__TASK GOAL__:
In the listing that follows, print every line exactly and leave the images out.

__SUPPLIED DATA__:
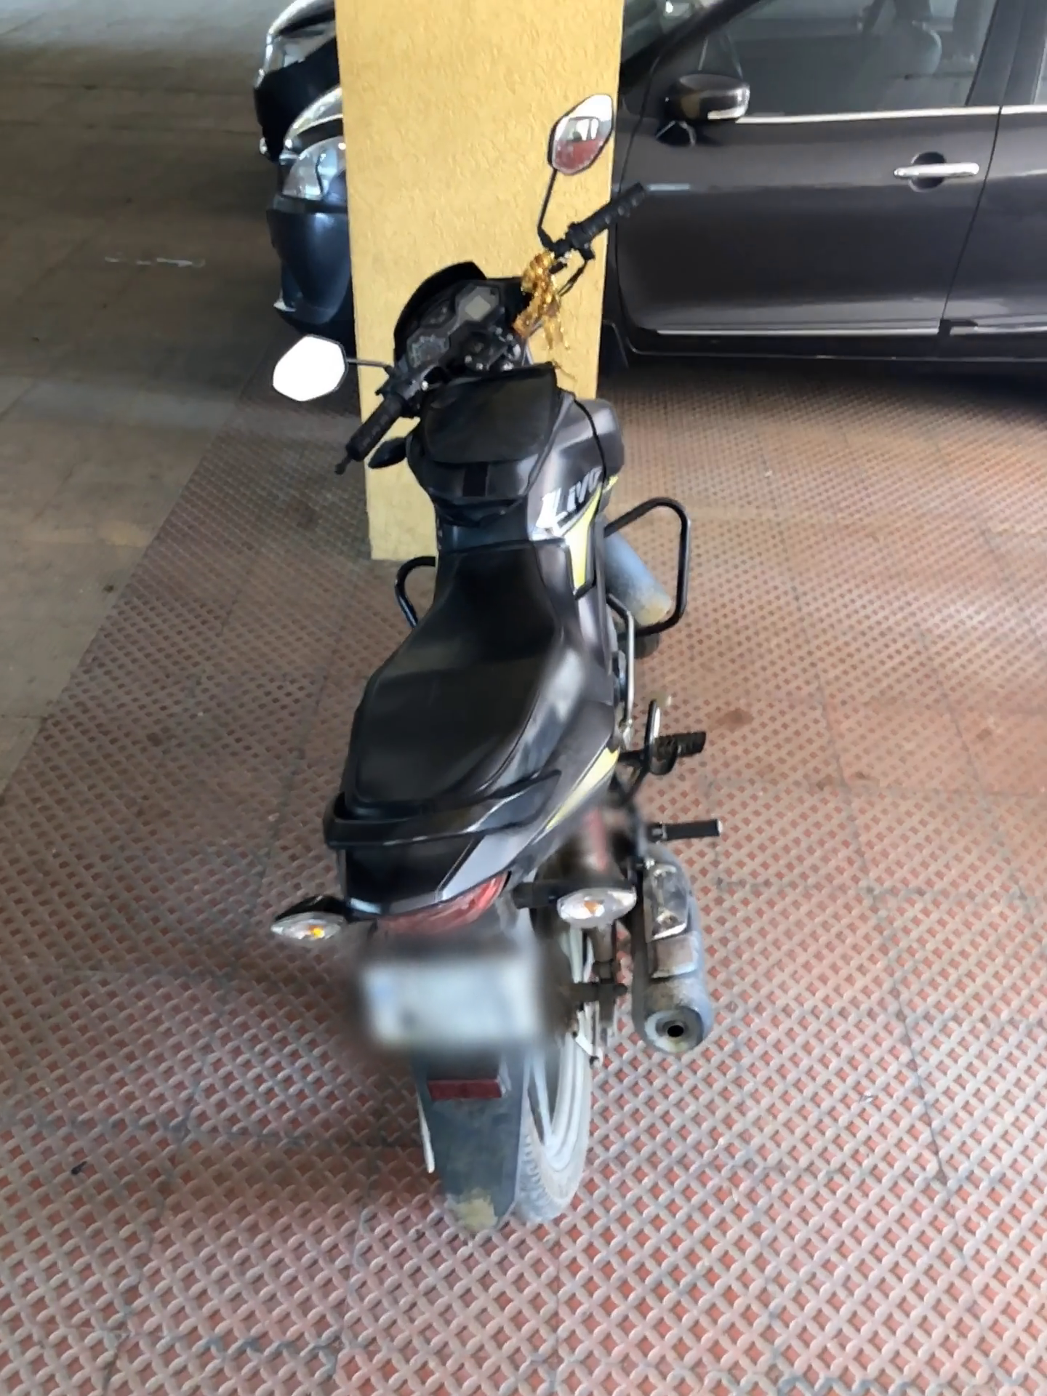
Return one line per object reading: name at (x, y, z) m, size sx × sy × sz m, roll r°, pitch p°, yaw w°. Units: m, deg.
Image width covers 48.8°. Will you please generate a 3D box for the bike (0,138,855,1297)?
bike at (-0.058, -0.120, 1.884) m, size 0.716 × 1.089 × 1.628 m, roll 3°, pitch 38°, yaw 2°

__TASK SOLUTION__:
Return one line per object reading: name at (x, y, z) m, size sx × sy × sz m, roll r°, pitch p°, yaw w°. Units: m, deg.
Image width covers 48.8°. Will you please generate a 3D box for the bike (0,138,855,1297)?
bike at (-0.058, -0.120, 1.884) m, size 0.716 × 1.089 × 1.628 m, roll 3°, pitch 38°, yaw 2°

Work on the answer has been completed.